Table 39 Comparison of final scores obtained by proposed and some existing models for the Example 13
Table 40 Comparison of ranking orders for the Example 13
Fig. 6
figure 6

Comparison between proposed SFNSESs and existing NSSs (Fatimah et al. 2018) and SFSESs (Perveen et al. 2020) on Example 13

Table 41 Comparison of final scores obtained by proposed model and some existing methods for the Example 14
Table 42 Comparison of ranking orders for the Example 13
Fig. 7
figure 7

Comparison between proposed SFNSESs and existing NSSs (Fatimah et al. 2018) and SFSESs (Perveen et al. 2020) on Example 14

Table 43 Comparing applicability with some existing models

6 Conclusions and future directions

As a powerful mathematical model for dealing with uncertainties, the SFSESs (Perveen et al. 2020) have proved their effectiveness in dealing with problems concerning uncertainties and vague information under multiple experts’ opinions. The emerging NSS model (Fatimah et al. 2018) is a strong tool when dealing with uncertainties in multinary data. The model has proved to effectively deal with various daily life problems, as illustrated in Fatimah et al. (2018). Despite their effectiveness, these models have some limitations. SFSESs fail to deal with multinary data, while NSSs cannot handle spherical fuzzy information. This paper proposes the SFNSES model, which is more applicable and accurate in several group decision-making situations. Some operations on the model, including intersections, unions, complements, AND and OR operations, are investigated with their basic properties.
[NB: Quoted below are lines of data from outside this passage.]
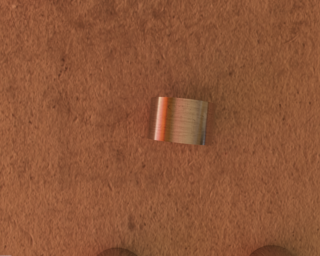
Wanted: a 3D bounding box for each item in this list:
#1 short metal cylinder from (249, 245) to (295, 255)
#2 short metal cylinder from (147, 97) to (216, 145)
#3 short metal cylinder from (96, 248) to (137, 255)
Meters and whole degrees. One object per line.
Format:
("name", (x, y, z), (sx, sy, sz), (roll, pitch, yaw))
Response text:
("short metal cylinder", (0.154, 0.201, 0.400), (0.081, 0.050, 0.079), (0, 90, -1))
("short metal cylinder", (0.026, -0.008, 0.383), (0.081, 0.080, 0.050), (6, 90, -1))
("short metal cylinder", (-0.059, 0.203, 0.397), (0.081, 0.050, 0.079), (0, 90, -1))
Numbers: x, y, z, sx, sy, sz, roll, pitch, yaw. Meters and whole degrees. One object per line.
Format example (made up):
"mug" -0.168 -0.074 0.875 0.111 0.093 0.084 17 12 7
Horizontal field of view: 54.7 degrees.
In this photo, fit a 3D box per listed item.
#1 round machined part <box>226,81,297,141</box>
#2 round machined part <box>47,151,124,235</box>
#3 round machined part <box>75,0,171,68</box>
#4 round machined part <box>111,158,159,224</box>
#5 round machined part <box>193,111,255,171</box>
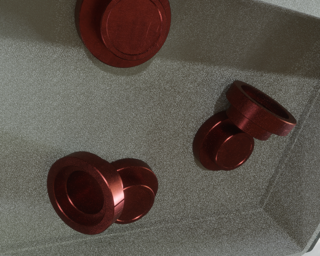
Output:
"round machined part" 0.130 -0.020 0.421 0.099 0.098 0.042 14 121 -34
"round machined part" -0.084 0.074 0.374 0.042 0.098 0.097 -29 141 -60
"round machined part" -0.032 -0.107 0.314 0.099 0.042 0.097 -14 124 -21
"round machined part" -0.046 0.094 0.430 0.099 0.042 0.097 -14 124 -21
"round machined part" 0.103 0.026 0.469 0.099 0.042 0.097 -14 124 -21
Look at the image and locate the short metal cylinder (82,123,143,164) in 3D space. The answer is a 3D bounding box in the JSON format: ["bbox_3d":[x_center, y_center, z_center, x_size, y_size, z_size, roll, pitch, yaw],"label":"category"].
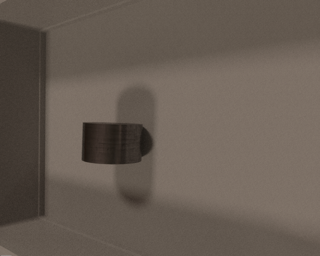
[{"bbox_3d":[-0.065,0.019,0.422,0.080,0.081,0.050,4,93,39],"label":"short metal cylinder"}]
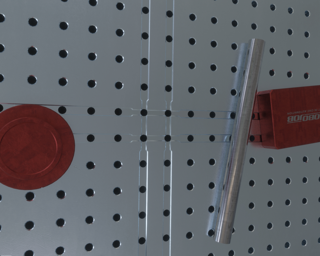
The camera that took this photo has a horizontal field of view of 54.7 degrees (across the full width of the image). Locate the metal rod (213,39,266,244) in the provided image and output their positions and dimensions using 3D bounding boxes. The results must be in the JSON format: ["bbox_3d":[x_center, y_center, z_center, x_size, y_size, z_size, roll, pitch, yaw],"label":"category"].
[{"bbox_3d":[0.117,0.016,0.456,0.025,0.025,0.298,13,86,-20],"label":"metal rod"}]

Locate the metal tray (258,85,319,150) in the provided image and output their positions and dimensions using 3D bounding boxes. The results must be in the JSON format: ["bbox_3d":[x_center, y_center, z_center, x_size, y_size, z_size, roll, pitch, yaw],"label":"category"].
[{"bbox_3d":[0.222,-0.020,0.492,0.131,0.030,0.089,-7,93,-20],"label":"metal tray"}]

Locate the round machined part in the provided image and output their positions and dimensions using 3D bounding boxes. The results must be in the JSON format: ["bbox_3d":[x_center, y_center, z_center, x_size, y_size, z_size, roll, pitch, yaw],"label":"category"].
[{"bbox_3d":[-0.147,0.022,0.350,0.099,0.042,0.097,0,90,-20],"label":"round machined part"}]
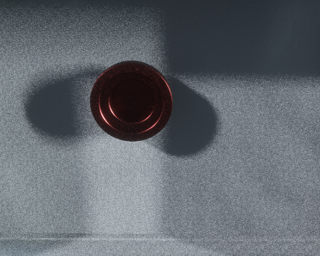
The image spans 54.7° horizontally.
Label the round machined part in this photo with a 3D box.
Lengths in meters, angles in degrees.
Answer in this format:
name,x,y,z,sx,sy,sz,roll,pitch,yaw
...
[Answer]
name,x,y,z,sx,sy,sz,roll,pitch,yaw
round machined part,-0.034,-0.036,0.389,0.099,0.042,0.097,0,110,-1
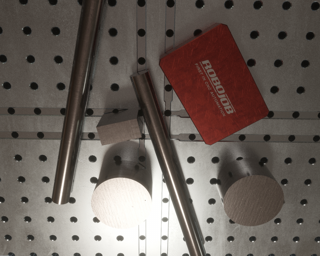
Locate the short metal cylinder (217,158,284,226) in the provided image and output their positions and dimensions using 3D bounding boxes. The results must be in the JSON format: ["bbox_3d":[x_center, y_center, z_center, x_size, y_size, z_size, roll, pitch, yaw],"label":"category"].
[{"bbox_3d":[0.124,0.089,0.435,0.081,0.050,0.079,0,110,-1],"label":"short metal cylinder"}]

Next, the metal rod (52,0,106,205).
[{"bbox_3d":[-0.107,-0.032,0.400,0.025,0.025,0.298,13,109,-5],"label":"metal rod"}]

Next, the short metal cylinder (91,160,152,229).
[{"bbox_3d":[-0.051,0.092,0.433,0.081,0.050,0.079,0,110,-1],"label":"short metal cylinder"}]

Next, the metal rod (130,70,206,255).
[{"bbox_3d":[0.017,0.065,0.437,0.025,0.025,0.298,-16,110,5],"label":"metal rod"}]

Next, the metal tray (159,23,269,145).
[{"bbox_3d":[0.068,-0.053,0.392,0.090,0.030,0.130,-29,108,9],"label":"metal tray"}]

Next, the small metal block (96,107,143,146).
[{"bbox_3d":[-0.050,-0.003,0.398,0.050,0.050,0.025,-12,110,4],"label":"small metal block"}]
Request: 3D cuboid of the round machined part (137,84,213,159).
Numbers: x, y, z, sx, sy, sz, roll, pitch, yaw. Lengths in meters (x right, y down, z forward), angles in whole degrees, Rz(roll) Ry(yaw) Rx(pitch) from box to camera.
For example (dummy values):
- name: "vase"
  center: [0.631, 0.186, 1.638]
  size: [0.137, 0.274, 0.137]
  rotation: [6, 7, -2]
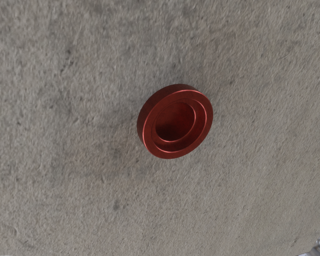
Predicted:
- name: "round machined part"
  center: [0.016, -0.012, 0.399]
  size: [0.099, 0.042, 0.097]
  rotation: [-14, 125, -21]
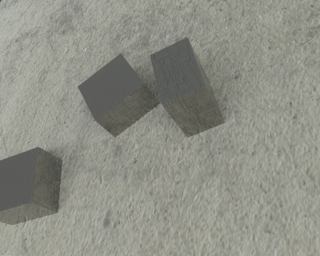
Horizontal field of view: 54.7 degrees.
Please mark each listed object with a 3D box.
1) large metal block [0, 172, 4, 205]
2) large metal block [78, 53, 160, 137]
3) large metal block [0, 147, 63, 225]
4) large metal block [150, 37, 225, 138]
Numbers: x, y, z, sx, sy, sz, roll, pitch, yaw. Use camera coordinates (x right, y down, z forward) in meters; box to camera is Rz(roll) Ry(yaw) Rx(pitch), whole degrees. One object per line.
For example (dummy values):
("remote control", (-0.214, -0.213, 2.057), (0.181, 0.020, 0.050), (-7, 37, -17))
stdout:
("large metal block", (-0.293, 0.109, 0.472), (0.080, 0.050, 0.080), (-23, 53, 14))
("large metal block", (-0.061, -0.048, 0.447), (0.080, 0.050, 0.080), (-37, 51, 3))
("large metal block", (-0.189, 0.083, 0.434), (0.080, 0.050, 0.080), (-18, 55, 17))
("large metal block", (0.034, -0.047, 0.379), (0.050, 0.080, 0.080), (-23, 54, 14))
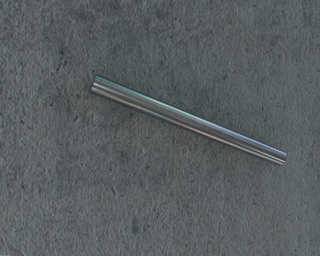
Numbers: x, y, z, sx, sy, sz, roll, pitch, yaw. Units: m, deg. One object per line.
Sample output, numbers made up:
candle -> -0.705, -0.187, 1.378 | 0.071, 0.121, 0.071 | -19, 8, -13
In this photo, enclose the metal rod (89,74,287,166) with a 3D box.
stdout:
metal rod -> 0.051, -0.004, 0.427 | 0.302, 0.025, 0.025 | 21, 83, -19
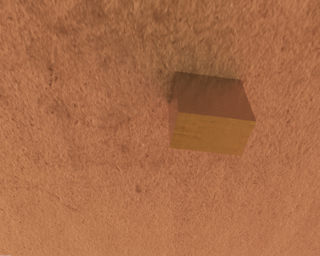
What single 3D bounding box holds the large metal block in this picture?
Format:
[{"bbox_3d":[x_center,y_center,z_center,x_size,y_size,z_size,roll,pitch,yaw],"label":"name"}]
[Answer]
[{"bbox_3d":[0.054,-0.018,0.356,0.080,0.080,0.050,7,130,-6],"label":"large metal block"}]
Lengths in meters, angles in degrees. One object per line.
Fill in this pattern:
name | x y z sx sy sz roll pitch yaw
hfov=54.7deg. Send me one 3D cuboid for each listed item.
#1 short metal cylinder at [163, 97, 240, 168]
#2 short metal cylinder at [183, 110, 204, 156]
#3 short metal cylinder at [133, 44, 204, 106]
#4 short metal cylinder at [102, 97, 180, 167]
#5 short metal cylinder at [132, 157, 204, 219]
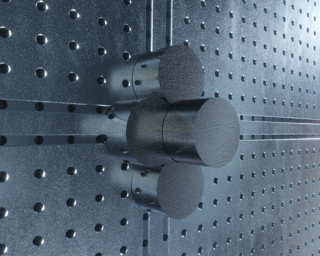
short metal cylinder | 0.050 0.005 0.368 0.081 0.050 0.079 0 90 -40
short metal cylinder | 0.045 0.005 0.429 0.081 0.050 0.079 0 90 -40
short metal cylinder | 0.012 -0.063 0.402 0.081 0.050 0.079 0 90 -41
short metal cylinder | -0.021 0.004 0.374 0.081 0.050 0.079 0 90 -40
short metal cylinder | 0.011 0.073 0.401 0.081 0.050 0.080 2 87 -40
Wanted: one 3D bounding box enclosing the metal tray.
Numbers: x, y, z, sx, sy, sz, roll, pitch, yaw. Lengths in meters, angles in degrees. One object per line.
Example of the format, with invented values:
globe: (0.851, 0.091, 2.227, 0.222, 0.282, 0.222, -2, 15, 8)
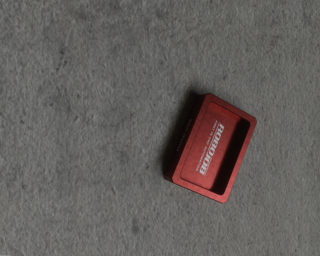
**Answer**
metal tray: (0.071, 0.028, 0.432, 0.090, 0.030, 0.130, 26, 81, -18)
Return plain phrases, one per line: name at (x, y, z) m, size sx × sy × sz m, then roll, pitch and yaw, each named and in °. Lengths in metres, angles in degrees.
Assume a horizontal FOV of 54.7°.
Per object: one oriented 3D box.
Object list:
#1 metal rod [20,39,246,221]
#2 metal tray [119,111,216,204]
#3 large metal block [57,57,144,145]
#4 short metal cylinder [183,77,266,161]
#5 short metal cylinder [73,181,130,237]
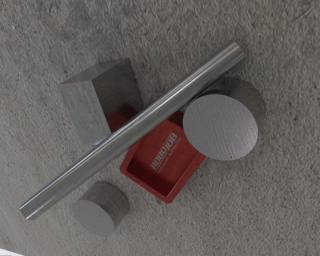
metal rod at (-0.037, 0.009, 0.342) m, size 0.300 × 0.025 × 0.025 m, roll -37°, pitch 98°, yaw 9°
metal tray at (0.006, 0.036, 0.422) m, size 0.090 × 0.030 × 0.129 m, roll 33°, pitch 129°, yaw 6°
large metal block at (-0.067, -0.034, 0.386) m, size 0.050 × 0.080 × 0.080 m, roll -3°, pitch 117°, yaw 29°
short metal cylinder at (0.072, -0.011, 0.346) m, size 0.080 × 0.050 × 0.079 m, roll 13°, pitch 124°, yaw 21°
short metal cylinder at (-0.099, 0.137, 0.528) m, size 0.080 × 0.050 × 0.079 m, roll 13°, pitch 124°, yaw 21°
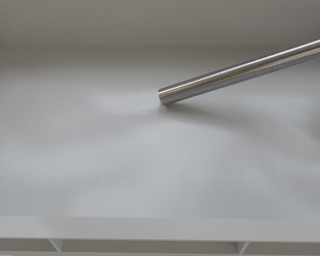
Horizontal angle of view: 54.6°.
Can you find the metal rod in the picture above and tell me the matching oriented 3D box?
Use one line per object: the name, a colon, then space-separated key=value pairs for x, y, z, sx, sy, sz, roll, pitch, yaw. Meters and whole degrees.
metal rod: x=0.140 y=-0.083 z=0.400 sx=0.300 sy=0.025 sz=0.025 roll=-16 pitch=48 yaw=17
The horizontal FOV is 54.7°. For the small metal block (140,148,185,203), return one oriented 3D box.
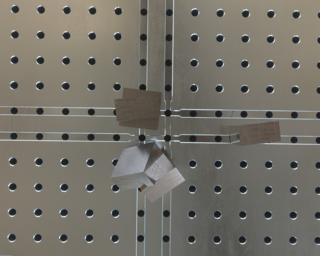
[{"bbox_3d":[-0.003,0.060,0.398,0.050,0.050,0.025,-34,120,0],"label":"small metal block"}]

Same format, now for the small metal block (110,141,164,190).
[{"bbox_3d":[-0.028,0.048,0.389,0.050,0.050,0.025,-15,125,30],"label":"small metal block"}]

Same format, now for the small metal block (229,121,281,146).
[{"bbox_3d":[0.121,0.006,0.403,0.050,0.050,0.025,-6,90,0],"label":"small metal block"}]

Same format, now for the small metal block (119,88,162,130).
[{"bbox_3d":[-0.025,-0.025,0.413,0.050,0.025,0.050,7,90,-1],"label":"small metal block"}]

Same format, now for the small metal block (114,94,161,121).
[{"bbox_3d":[-0.025,-0.023,0.376,0.050,0.050,0.025,-7,90,0],"label":"small metal block"}]
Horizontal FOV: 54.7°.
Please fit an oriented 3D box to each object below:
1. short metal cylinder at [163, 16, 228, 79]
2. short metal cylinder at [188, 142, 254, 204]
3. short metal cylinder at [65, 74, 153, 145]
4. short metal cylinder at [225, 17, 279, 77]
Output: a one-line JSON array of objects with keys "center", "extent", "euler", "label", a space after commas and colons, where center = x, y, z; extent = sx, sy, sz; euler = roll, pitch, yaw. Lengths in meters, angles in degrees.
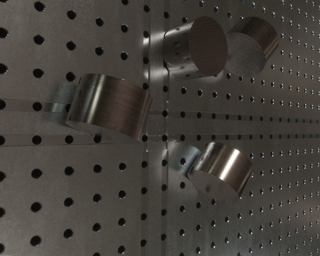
[{"center": [0.051, -0.111, 0.437], "extent": [0.081, 0.050, 0.079], "euler": [0, 91, -41], "label": "short metal cylinder"}, {"center": [0.088, 0.066, 0.450], "extent": [0.080, 0.080, 0.050], "euler": [50, 60, -29], "label": "short metal cylinder"}, {"center": [-0.053, -0.018, 0.330], "extent": [0.080, 0.080, 0.050], "euler": [24, 75, -38], "label": "short metal cylinder"}, {"center": [0.140, -0.128, 0.493], "extent": [0.050, 0.080, 0.080], "euler": [-48, 119, -29], "label": "short metal cylinder"}]
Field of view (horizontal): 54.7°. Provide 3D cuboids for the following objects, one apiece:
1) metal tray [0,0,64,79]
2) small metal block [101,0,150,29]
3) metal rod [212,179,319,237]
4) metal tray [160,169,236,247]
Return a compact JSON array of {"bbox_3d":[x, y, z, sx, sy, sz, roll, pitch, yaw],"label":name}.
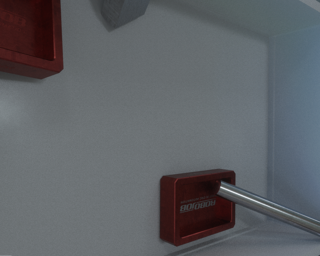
[{"bbox_3d":[-0.144,-0.097,0.253,0.131,0.030,0.089,5,78,-55],"label":"metal tray"},{"bbox_3d":[-0.036,-0.150,0.357,0.025,0.050,0.050,47,57,5],"label":"small metal block"},{"bbox_3d":[0.221,0.146,0.488,0.302,0.025,0.025,23,74,-10],"label":"metal rod"},{"bbox_3d":[0.059,0.111,0.455,0.131,0.030,0.089,0,90,-40],"label":"metal tray"}]
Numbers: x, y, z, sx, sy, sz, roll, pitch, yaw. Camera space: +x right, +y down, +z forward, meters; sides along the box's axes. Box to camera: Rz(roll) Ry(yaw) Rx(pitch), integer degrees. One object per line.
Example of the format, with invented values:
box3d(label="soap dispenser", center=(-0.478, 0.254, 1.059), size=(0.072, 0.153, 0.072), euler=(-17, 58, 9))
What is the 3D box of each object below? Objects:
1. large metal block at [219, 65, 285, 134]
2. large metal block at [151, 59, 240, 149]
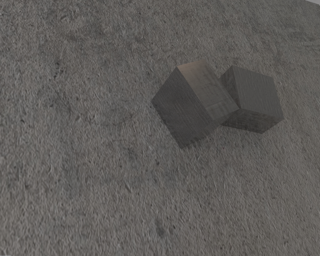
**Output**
box3d(label="large metal block", center=(0.138, -0.044, 0.488), size=(0.081, 0.050, 0.080), euler=(11, 57, -22))
box3d(label="large metal block", center=(0.043, -0.031, 0.410), size=(0.050, 0.080, 0.080), euler=(-22, 74, -36))
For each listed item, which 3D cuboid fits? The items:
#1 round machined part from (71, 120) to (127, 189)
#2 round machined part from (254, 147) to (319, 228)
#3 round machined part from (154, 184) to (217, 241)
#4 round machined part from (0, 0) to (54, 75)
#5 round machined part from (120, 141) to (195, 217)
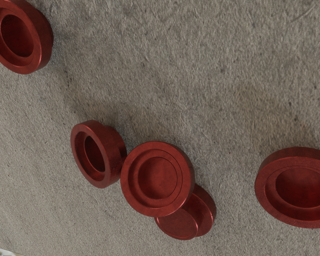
[{"bbox_3d":[-0.085,0.034,0.448,0.098,0.042,0.097,23,124,39],"label":"round machined part"},{"bbox_3d":[0.161,0.062,0.349,0.098,0.042,0.097,13,124,21],"label":"round machined part"},{"bbox_3d":[0.030,0.126,0.458,0.098,0.042,0.097,13,124,21],"label":"round machined part"},{"bbox_3d":[-0.184,-0.125,0.416,0.098,0.042,0.097,13,124,21],"label":"round machined part"},{"bbox_3d":[0.000,0.067,0.418,0.098,0.042,0.097,-2,83,20],"label":"round machined part"}]
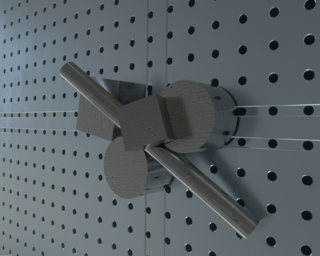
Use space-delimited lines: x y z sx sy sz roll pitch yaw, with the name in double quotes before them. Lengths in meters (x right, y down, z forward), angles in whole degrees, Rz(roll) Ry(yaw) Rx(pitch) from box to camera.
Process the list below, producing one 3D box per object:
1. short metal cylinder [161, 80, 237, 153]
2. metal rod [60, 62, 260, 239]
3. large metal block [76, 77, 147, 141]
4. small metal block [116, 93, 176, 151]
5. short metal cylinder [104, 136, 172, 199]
"short metal cylinder" 0.040 -0.012 0.355 0.080 0.050 0.079 0 90 40
"metal rod" -0.013 0.015 0.369 0.300 0.025 0.025 40 115 17
"large metal block" -0.071 -0.029 0.445 0.080 0.050 0.079 14 99 39
"small metal block" -0.016 -0.005 0.343 0.050 0.025 0.050 -18 78 20
"short metal cylinder" -0.029 0.050 0.412 0.080 0.050 0.079 0 90 40
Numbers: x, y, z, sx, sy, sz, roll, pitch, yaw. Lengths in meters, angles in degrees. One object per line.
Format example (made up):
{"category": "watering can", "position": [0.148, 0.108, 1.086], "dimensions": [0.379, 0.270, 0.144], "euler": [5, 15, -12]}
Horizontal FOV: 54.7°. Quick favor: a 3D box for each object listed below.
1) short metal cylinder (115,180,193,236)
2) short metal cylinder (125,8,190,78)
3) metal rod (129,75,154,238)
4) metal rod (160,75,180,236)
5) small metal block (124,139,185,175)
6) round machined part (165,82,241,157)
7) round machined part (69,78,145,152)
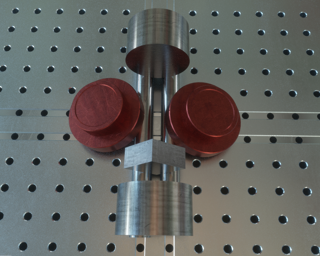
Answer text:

Our proposed idea of SFNSESs is illustrated by Example 1, in which a novel for the title ‘best novel of the year’ has to be selected based on the reader’s ratings. Two detailed applications of the model along with the algorithm are also provided in Examples 13 and 14, in which the winner of an upcoming local election and ranking credibility of the smartphones using customer feedback are respectively predicted on the basis of survey ratings and experts’ opinions in SFNSES environment. Finally, a comparison analysis is provided between the proposed model and existing decision-making tools, including NSSs and SFSESs. Some potential applications of the proposed model include market research, artificial intelligence-based product analytics, election predictions, sentiment analytics involving public sentiments, business analytics, and more. Despite the high applicability, the limitations of the model also exist due to its complicated structure, lengthy algorithm, and a massive number of alternatives and parameters. The mathematical software can help to overcome these limitations.

In the future, we are expanding our research work to (1) Complex spherical fuzzy N-soft expert sets, (2) m-Polar spherical fuzzy N-soft expert sets, and (3) Spherical fuzzy N-soft expert graphs.